VIII Automobile Industry: 

After progression, many automobile manufacturers set their base in India. 

There are 15 manufacturers of cars in number and multi-utility vehicles, 9 of business vehicles, 14 of two and three-wheelers. 

Delhi,Pune, Gurgaon, Mumbai, Chennai, Kolkata, Lucknow, Indore, Hyderabad, Jamshedpur, Bangalore, Sanand, Pantnagar, and so forth are the major centers of the automobile industry. IX Information Technology and Electronics Industry: 

Bangalore is the electronic capital of India. Mumbai,Chennai Pune, Delhi, Hyderabad, Chennai, Kolkata, Lucknow and Coimbatore are the other significant centers. There are 18 software innovation parks in the nation, and they give single window service and high information communication to software experts. 

This industry had created countless work. Upto 31 March 2005, more than 1,000,000 persons were utilized in the IT industry. Because of the fast development of BPO (Business Process Outsourcing), this sector has been a major worker of unfamiliar trade. 

X Industrial Pollution and Environmental Degradation: 

  1. a) Air pollution is caused by the emission of CO2, Carbon Monoxide, Sulfur Dioxide, and so on. Chimneys of the industries produce heat prompting Global Warming and Green House Effect. The continuous use of CFC in various industrial products depletes the ozone layer, which filters the sun’s bright rays. 
  2. b) Dumping of natural and inorganic industrial waste into water bodies pollutes the water. Industries that produce paper, mash, chemical, calfskin, acids, dyes, fertilizers, and so on create lots of harmful material that kills oceanic life. 
  3. c) The high-intensity sound created by running machines, sirens, boring, fans, and so forth leads to noise pollution. It causes aggravation, hearing impairment, coronary failure, and so forth among the close by residents. 
  4. d) Mining action to get crude material for industries also degrades nature.
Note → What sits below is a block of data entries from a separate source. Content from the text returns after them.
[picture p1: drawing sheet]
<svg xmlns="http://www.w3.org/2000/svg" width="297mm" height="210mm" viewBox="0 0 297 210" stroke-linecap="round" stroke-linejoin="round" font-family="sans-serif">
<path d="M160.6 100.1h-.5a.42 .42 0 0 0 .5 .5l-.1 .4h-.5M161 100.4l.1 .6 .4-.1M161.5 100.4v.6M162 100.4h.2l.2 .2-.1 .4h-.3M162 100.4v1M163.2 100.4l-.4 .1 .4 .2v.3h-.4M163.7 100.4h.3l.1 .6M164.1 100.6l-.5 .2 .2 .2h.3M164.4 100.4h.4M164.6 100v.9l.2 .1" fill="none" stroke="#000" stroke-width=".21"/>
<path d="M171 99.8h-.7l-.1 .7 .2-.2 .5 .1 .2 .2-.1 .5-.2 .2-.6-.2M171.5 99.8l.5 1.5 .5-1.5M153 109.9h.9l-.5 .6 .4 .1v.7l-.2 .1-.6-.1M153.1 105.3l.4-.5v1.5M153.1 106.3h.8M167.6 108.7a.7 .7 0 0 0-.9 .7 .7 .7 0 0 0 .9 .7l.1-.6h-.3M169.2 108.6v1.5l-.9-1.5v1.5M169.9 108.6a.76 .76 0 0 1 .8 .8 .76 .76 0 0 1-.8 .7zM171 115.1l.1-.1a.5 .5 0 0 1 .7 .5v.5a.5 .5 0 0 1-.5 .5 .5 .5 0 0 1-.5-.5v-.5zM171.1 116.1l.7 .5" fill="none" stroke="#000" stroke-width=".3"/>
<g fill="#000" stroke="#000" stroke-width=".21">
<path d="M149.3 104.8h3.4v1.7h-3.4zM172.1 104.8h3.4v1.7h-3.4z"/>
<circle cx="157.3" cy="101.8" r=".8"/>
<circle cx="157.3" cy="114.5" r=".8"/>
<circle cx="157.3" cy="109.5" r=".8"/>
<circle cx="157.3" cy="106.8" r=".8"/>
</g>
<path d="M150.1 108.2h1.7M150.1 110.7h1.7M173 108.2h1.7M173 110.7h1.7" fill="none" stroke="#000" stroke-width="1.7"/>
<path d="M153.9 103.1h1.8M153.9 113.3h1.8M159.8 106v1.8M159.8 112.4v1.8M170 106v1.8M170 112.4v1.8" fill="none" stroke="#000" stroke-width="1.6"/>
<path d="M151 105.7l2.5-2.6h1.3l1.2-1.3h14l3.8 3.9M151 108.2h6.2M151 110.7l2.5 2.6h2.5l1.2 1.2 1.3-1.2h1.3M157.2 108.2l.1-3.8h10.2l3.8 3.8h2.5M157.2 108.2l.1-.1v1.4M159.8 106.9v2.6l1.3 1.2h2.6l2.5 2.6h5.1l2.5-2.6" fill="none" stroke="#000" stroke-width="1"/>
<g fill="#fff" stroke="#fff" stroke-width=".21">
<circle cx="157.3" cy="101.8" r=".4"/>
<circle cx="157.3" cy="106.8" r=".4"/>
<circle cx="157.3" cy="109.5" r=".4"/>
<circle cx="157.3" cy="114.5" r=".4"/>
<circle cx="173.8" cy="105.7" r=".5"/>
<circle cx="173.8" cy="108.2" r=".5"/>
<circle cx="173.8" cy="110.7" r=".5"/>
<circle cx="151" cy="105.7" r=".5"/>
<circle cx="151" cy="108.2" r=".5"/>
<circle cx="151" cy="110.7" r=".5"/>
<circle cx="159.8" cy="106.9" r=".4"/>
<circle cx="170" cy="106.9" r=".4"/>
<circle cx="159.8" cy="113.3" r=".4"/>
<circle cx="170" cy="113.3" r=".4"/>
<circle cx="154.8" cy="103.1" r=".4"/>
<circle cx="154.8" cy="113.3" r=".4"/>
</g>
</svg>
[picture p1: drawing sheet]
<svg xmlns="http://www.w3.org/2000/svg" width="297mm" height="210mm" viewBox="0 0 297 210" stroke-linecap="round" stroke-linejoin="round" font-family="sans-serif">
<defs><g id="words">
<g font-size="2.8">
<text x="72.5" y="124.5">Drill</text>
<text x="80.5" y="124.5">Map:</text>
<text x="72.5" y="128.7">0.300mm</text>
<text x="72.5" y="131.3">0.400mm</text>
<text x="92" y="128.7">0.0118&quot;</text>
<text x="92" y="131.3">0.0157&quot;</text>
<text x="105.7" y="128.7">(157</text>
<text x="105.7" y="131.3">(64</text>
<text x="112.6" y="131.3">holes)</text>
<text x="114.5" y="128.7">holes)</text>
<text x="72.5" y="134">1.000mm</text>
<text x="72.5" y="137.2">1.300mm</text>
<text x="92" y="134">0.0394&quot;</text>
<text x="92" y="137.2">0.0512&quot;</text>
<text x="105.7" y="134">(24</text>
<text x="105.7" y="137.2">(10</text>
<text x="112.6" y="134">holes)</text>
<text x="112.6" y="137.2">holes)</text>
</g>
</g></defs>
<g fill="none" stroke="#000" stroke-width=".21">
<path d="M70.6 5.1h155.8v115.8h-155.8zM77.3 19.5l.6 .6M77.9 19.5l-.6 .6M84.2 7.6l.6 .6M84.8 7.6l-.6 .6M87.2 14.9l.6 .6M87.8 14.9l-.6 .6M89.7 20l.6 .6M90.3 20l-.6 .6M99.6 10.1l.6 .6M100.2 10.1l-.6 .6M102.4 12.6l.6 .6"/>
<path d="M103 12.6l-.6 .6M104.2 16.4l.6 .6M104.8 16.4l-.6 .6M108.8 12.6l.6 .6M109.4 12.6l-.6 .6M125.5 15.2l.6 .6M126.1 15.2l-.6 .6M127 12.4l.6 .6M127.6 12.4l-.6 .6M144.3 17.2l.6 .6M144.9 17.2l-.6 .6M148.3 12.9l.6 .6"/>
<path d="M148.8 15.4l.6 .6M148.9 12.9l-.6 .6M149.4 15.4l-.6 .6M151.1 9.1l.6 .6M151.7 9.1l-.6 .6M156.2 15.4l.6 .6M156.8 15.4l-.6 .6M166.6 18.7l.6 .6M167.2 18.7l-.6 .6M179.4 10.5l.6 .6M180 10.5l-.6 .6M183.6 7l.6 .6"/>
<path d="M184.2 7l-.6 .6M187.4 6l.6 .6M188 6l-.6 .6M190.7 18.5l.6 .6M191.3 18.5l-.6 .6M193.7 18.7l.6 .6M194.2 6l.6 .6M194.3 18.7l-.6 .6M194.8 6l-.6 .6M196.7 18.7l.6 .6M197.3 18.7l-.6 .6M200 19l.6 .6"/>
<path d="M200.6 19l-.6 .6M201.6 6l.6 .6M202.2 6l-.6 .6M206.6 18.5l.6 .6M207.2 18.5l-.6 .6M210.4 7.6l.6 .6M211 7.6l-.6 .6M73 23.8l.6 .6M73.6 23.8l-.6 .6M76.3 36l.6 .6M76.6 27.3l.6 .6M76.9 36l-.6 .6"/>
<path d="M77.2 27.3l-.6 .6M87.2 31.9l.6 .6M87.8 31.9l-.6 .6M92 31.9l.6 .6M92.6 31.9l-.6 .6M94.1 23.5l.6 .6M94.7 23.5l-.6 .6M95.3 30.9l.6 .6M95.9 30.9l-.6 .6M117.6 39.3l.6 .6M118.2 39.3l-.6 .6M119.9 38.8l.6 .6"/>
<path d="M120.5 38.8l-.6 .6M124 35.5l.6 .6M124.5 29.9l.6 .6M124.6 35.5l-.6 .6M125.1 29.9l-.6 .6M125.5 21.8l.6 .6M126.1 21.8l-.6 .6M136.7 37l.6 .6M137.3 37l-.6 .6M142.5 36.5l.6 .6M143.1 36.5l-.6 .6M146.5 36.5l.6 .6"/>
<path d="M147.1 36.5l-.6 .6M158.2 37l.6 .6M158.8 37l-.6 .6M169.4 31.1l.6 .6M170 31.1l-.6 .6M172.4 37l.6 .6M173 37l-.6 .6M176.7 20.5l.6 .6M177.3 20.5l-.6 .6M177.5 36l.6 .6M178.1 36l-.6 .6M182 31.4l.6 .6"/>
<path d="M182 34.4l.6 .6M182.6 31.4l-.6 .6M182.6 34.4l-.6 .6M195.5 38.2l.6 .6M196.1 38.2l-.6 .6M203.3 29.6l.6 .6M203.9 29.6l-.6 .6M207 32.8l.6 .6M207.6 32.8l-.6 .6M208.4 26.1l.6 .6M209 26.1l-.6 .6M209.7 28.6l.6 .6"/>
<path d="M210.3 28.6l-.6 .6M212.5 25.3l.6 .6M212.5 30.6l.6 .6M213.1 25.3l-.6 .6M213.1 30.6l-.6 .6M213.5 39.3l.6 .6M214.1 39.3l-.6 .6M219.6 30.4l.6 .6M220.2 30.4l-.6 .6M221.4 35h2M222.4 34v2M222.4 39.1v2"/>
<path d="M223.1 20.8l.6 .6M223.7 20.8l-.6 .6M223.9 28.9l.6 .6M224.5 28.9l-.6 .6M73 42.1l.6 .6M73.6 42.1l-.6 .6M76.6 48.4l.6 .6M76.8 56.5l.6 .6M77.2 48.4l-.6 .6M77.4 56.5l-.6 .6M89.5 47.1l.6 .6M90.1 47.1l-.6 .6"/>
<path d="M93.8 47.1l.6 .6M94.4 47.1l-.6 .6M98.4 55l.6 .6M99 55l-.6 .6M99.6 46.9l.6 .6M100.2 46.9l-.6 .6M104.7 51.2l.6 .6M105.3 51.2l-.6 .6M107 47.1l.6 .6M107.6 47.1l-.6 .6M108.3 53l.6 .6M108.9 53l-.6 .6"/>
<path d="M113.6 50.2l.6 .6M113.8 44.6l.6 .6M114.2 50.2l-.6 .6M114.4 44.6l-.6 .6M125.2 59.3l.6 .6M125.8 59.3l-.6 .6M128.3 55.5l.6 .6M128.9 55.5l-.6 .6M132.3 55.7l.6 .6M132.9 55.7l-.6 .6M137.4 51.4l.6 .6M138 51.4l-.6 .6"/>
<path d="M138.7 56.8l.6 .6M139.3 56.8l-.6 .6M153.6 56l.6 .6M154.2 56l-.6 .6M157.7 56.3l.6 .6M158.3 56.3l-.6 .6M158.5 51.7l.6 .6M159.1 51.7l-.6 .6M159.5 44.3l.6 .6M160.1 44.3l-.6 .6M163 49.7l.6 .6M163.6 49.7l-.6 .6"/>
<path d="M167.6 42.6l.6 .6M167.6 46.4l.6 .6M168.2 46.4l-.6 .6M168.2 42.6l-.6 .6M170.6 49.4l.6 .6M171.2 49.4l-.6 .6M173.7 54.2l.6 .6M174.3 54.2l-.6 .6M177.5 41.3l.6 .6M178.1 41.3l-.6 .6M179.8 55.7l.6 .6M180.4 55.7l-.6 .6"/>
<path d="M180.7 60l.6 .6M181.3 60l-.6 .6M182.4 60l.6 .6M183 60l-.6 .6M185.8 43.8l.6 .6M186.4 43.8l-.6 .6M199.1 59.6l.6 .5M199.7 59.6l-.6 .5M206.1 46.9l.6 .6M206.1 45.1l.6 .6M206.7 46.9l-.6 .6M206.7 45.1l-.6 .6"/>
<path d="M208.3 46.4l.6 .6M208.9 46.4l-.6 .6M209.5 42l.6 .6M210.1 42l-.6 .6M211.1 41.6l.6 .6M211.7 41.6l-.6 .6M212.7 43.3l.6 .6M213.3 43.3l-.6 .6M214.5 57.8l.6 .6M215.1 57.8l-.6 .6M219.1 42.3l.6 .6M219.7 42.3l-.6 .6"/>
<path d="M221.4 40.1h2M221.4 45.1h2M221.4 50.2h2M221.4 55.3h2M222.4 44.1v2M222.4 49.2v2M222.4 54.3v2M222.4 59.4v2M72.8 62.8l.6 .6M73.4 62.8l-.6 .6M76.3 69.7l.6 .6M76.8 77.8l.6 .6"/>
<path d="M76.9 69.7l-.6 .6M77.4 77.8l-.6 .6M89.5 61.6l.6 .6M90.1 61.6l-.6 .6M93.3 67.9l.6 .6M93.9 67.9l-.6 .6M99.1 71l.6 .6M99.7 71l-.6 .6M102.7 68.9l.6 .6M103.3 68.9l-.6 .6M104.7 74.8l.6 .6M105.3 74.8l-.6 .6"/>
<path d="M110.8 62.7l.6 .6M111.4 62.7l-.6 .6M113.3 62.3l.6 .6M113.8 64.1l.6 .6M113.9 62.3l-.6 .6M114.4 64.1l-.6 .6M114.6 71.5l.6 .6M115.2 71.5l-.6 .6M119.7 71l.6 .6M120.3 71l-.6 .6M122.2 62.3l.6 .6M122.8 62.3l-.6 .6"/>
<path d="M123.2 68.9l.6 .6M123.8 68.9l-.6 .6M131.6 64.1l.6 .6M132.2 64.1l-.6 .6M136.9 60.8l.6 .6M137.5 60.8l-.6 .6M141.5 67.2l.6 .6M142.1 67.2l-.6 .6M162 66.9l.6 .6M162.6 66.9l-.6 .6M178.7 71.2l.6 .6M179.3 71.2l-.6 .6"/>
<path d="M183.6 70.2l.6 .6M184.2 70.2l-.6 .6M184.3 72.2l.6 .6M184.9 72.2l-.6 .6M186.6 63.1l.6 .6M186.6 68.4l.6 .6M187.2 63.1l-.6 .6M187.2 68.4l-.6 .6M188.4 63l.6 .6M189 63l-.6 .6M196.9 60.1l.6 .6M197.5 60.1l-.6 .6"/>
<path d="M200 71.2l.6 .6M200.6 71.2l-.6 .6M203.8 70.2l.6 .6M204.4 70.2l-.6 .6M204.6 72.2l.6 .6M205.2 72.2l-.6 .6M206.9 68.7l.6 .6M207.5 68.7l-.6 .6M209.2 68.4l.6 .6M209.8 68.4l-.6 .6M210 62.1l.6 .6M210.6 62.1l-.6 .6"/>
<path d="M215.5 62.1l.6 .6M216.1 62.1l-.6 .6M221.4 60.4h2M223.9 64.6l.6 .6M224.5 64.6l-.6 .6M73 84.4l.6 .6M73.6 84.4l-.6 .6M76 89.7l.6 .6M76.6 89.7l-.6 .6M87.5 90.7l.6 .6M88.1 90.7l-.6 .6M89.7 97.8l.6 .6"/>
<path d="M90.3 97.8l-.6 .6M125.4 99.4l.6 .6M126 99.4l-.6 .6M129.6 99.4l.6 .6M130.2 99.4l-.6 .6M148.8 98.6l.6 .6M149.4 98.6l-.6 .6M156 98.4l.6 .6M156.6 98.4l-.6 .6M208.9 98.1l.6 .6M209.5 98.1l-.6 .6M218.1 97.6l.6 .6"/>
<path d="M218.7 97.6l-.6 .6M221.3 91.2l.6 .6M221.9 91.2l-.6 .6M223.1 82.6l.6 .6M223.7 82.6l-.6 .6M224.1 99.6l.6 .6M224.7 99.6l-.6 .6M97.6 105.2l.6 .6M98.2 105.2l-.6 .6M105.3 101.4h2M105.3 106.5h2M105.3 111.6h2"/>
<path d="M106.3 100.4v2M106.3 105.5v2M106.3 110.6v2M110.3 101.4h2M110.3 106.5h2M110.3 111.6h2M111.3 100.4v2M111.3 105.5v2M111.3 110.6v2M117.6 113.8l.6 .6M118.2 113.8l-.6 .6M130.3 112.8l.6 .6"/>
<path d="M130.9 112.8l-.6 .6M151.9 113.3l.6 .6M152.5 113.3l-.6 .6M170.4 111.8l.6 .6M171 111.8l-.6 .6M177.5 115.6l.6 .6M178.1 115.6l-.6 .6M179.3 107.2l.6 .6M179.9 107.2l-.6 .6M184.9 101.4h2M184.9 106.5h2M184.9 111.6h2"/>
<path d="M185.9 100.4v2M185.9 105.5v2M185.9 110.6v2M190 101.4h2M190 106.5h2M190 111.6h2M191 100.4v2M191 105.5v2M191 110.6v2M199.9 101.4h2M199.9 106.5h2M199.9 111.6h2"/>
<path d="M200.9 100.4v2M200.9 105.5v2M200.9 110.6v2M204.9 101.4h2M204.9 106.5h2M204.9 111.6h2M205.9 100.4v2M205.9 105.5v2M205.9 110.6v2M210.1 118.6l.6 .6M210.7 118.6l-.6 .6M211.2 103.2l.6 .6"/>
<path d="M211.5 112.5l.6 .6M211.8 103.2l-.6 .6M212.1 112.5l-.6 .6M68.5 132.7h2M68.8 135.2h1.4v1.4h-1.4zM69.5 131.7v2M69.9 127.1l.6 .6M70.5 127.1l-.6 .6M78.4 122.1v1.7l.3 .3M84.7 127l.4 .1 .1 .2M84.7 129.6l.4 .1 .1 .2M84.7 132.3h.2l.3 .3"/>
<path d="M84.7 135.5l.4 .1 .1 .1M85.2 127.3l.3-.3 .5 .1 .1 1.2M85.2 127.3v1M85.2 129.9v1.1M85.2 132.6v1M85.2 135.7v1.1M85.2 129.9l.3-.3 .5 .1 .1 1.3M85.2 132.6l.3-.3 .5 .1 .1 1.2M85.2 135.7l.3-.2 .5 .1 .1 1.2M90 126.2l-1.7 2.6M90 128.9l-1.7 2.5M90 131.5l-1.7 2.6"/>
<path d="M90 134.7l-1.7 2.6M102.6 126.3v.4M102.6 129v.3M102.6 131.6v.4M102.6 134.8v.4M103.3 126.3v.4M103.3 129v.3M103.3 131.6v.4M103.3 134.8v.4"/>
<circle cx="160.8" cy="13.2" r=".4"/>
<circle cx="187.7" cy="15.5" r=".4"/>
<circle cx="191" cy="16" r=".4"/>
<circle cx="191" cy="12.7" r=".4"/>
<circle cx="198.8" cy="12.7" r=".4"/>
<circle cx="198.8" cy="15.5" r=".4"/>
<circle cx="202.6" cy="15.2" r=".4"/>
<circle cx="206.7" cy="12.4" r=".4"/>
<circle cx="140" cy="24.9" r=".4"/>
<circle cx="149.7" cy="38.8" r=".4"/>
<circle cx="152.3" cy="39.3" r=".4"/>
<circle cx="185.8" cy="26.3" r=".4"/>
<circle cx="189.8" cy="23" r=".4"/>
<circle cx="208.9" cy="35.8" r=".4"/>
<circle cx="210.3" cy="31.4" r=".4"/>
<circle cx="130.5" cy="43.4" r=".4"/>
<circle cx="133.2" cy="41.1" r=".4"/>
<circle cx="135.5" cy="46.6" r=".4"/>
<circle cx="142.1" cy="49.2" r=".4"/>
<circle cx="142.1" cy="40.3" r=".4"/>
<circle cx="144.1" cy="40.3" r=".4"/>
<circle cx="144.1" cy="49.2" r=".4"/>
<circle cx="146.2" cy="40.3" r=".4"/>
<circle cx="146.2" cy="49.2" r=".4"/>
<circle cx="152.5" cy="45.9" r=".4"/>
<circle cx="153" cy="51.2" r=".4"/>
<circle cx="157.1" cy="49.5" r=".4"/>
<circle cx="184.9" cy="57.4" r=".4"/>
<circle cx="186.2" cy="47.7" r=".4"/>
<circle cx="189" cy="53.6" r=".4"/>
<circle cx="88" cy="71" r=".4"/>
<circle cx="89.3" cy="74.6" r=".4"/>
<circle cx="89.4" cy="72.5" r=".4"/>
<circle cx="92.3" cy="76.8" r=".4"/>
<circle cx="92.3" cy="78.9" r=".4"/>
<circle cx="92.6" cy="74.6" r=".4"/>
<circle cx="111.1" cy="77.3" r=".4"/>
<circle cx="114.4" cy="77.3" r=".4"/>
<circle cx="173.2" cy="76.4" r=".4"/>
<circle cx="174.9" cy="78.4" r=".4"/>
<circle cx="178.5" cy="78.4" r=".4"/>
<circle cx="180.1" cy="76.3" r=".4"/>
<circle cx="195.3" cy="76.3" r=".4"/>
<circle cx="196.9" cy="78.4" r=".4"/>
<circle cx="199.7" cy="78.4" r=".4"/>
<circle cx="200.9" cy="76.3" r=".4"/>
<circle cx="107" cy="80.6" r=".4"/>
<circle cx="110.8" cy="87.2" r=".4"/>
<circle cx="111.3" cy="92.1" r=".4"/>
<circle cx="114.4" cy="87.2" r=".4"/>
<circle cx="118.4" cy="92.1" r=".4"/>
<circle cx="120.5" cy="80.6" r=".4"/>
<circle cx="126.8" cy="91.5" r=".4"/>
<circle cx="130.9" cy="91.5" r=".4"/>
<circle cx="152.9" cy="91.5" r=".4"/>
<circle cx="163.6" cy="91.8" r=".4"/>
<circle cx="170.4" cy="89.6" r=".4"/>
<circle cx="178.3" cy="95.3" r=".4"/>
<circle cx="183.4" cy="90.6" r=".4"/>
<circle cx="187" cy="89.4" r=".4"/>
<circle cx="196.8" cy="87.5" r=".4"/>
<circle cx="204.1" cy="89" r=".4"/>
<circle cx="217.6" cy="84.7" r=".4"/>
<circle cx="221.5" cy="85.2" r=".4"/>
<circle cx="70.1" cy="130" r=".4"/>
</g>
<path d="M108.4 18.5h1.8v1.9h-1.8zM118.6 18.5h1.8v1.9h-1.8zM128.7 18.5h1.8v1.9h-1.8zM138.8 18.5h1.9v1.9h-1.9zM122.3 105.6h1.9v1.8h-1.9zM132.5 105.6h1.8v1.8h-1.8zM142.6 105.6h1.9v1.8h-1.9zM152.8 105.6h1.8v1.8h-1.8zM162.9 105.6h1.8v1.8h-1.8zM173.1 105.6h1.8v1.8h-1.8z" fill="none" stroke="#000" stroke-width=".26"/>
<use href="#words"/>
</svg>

Land degradation, deforestation, soil erosion, waterlogging, and so on are included under minning activities. 

XI Methods for Controlling Environmental Pollution and Degradation: 

(Manufacturing Industries: Class 10)

  1. a) Industries should be situated with cautious arranging and better design. 
  2. b) Quantity of smoke can be reduced by using oil instead of coal. 
  3. c) Non-customary sources of vitality should be used instead of fossil fuels. 
  4. d) Modern gear should be used, which controls, filters, and separates destructive materials from the waste. 
  5. e) Wastewater should be appropriately treated before discharging into rivers. 
  6. f) The landfilling strategy should be received for the dumping of waste. 
  7. g) Polluting industries should be found away from towns and cities.